**Your goal:** In the data below, the answer is the run of lines from the line containing "Page size: 1164x1607." through the line containing "text Hoe gaat", both included; print it exactly and nothing else.
[Start of section]
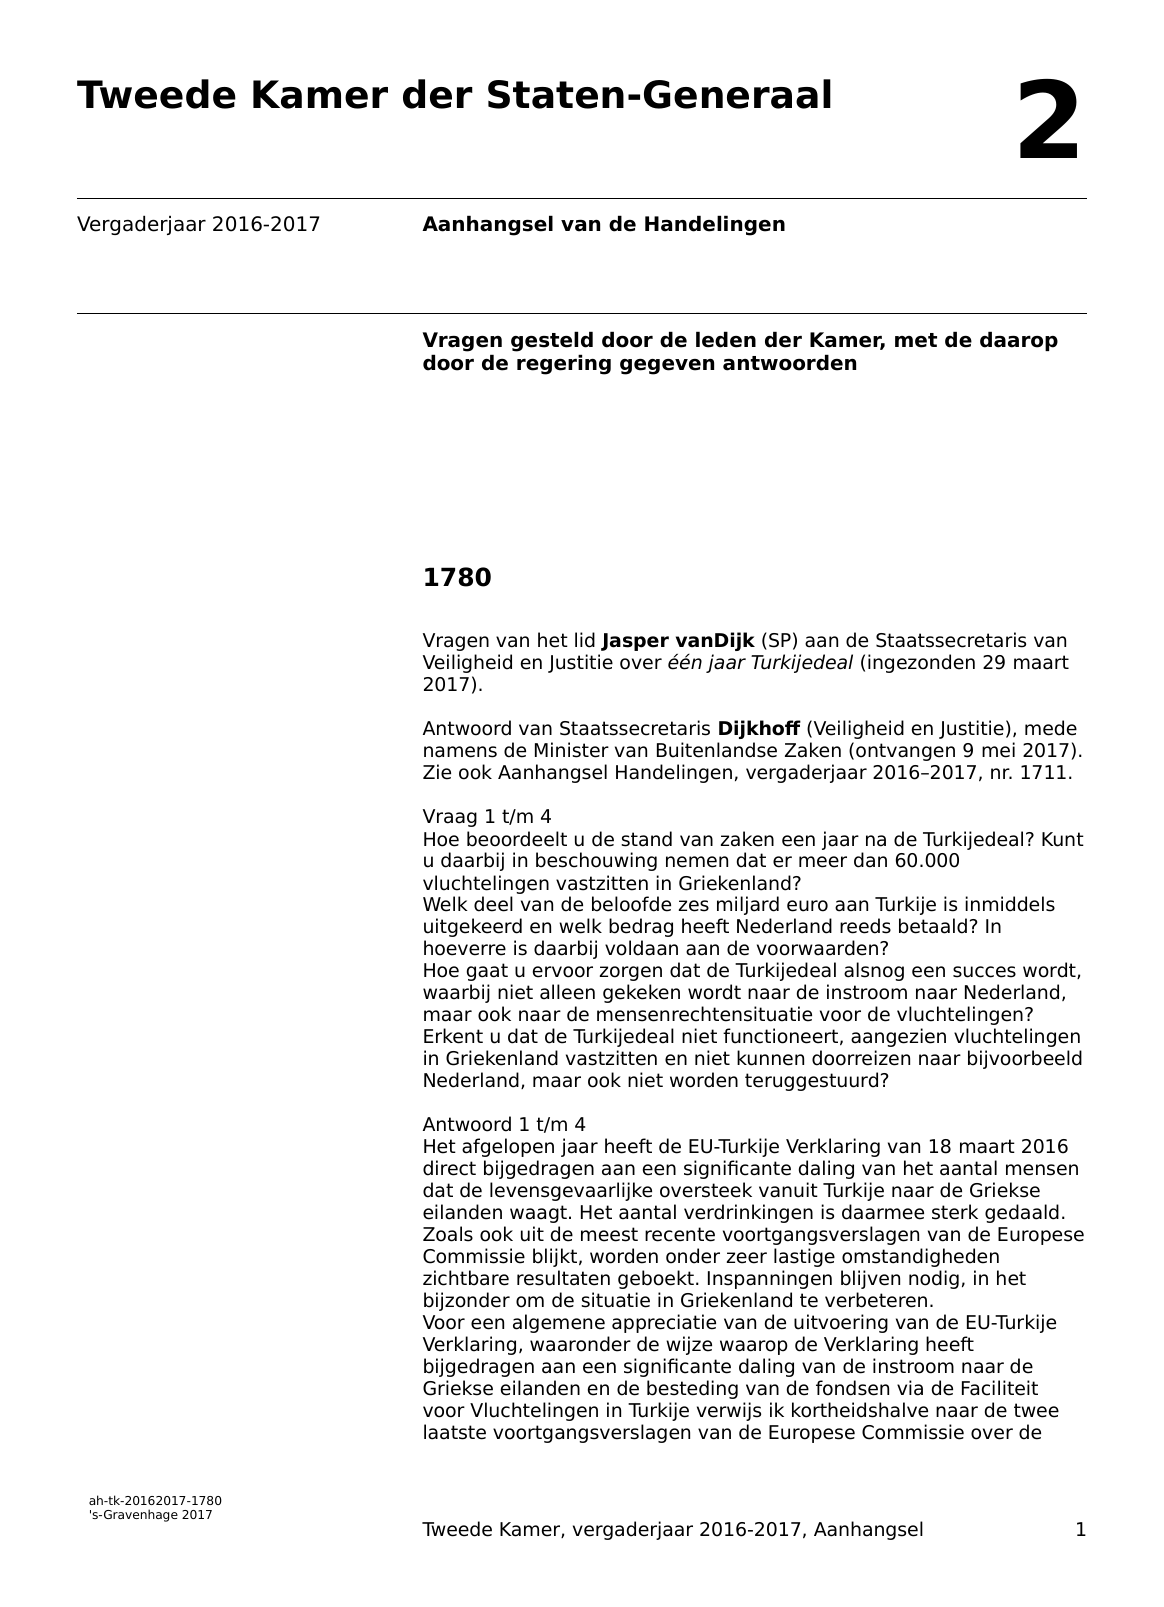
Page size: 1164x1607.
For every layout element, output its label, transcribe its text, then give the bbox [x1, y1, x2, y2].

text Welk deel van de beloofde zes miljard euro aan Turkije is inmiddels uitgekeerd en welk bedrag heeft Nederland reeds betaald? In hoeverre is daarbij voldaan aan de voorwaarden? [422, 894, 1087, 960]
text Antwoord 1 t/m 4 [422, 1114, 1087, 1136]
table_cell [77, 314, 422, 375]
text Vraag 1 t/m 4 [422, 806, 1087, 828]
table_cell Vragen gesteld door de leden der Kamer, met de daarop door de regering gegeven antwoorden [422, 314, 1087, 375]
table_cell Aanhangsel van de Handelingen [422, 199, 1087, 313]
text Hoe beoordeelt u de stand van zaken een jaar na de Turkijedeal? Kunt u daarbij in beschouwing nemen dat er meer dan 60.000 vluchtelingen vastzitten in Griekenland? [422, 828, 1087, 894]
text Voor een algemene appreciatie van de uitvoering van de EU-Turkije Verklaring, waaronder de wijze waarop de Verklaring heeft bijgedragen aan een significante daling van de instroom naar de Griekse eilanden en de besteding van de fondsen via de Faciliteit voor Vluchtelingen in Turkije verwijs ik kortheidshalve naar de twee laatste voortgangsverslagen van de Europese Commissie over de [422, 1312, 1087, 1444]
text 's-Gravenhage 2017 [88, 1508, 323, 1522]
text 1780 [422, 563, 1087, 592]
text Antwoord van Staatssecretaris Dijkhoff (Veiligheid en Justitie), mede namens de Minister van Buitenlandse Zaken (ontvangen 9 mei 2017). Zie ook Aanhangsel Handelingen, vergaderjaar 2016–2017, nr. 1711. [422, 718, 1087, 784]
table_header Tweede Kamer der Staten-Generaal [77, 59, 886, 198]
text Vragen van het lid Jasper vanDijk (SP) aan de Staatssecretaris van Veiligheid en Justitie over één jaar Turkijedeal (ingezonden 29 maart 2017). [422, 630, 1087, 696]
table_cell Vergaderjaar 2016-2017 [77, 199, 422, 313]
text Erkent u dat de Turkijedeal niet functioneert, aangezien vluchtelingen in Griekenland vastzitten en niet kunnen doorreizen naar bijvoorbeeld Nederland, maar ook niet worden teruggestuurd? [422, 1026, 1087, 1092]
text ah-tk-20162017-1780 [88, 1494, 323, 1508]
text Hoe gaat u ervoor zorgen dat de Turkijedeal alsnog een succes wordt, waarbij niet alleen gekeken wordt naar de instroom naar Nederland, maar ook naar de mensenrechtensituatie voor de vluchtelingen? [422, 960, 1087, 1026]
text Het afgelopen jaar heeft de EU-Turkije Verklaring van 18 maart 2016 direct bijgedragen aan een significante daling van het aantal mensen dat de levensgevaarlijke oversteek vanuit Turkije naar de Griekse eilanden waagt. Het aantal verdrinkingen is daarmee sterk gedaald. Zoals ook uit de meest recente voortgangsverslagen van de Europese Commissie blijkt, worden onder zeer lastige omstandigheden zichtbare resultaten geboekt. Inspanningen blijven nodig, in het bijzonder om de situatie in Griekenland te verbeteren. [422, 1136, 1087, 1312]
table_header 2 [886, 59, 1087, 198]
[End of section]
[Start of section]
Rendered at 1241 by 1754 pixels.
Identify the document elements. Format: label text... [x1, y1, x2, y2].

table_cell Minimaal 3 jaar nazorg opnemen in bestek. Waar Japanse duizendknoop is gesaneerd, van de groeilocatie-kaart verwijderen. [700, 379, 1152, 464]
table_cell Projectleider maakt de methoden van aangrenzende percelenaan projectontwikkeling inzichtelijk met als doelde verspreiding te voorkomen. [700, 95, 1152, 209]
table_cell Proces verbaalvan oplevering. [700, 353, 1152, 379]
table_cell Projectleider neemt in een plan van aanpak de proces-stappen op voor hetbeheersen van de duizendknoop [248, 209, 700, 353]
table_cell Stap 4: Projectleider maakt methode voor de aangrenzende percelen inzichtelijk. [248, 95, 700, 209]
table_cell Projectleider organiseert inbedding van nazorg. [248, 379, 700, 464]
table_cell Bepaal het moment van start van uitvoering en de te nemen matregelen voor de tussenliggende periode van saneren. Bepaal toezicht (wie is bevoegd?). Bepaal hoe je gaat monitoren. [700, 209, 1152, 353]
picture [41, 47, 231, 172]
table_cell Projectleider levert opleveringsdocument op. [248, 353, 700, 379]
[End of section]
**Your response:**
Page size: 1164x1607.
For every layout element, output its label, transcribe its text, then give the bbox [x1, y1, x2, y2].

text Welk deel van de beloofde zes miljard euro aan Turkije is inmiddels uitgekeerd en welk bedrag heeft Nederland reeds betaald? In hoeverre is daarbij voldaan aan de voorwaarden? [422, 894, 1087, 960]
text Antwoord 1 t/m 4 [422, 1114, 1087, 1136]
table_cell [77, 314, 422, 375]
text Vraag 1 t/m 4 [422, 806, 1087, 828]
table_cell Vragen gesteld door de leden der Kamer, met de daarop door de regering gegeven antwoorden [422, 314, 1087, 375]
table_cell Aanhangsel van de Handelingen [422, 199, 1087, 313]
text Hoe beoordeelt u de stand van zaken een jaar na de Turkijedeal? Kunt u daarbij in beschouwing nemen dat er meer dan 60.000 vluchtelingen vastzitten in Griekenland? [422, 828, 1087, 894]
text Voor een algemene appreciatie van de uitvoering van de EU-Turkije Verklaring, waaronder de wijze waarop de Verklaring heeft bijgedragen aan een significante daling van de instroom naar de Griekse eilanden en de besteding van de fondsen via de Faciliteit voor Vluchtelingen in Turkije verwijs ik kortheidshalve naar de twee laatste voortgangsverslagen van de Europese Commissie over de [422, 1312, 1087, 1444]
text 's-Gravenhage 2017 [88, 1508, 323, 1522]
text 1780 [422, 563, 1087, 592]
text Antwoord van Staatssecretaris Dijkhoff (Veiligheid en Justitie), mede namens de Minister van Buitenlandse Zaken (ontvangen 9 mei 2017). Zie ook Aanhangsel Handelingen, vergaderjaar 2016–2017, nr. 1711. [422, 718, 1087, 784]
table_header Tweede Kamer der Staten-Generaal [77, 59, 886, 198]
text Vragen van het lid Jasper vanDijk (SP) aan de Staatssecretaris van Veiligheid en Justitie over één jaar Turkijedeal (ingezonden 29 maart 2017). [422, 630, 1087, 696]
table_cell Vergaderjaar 2016-2017 [77, 199, 422, 313]
text Erkent u dat de Turkijedeal niet functioneert, aangezien vluchtelingen in Griekenland vastzitten en niet kunnen doorreizen naar bijvoorbeeld Nederland, maar ook niet worden teruggestuurd? [422, 1026, 1087, 1092]
text ah-tk-20162017-1780 [88, 1494, 323, 1508]
text Hoe gaat u ervoor zorgen dat de Turkijedeal alsnog een succes wordt, waarbij niet alleen gekeken wordt naar de instroom naar Nederland, maar ook naar de mensenrechtensituatie voor de vluchtelingen? [422, 960, 1087, 1026]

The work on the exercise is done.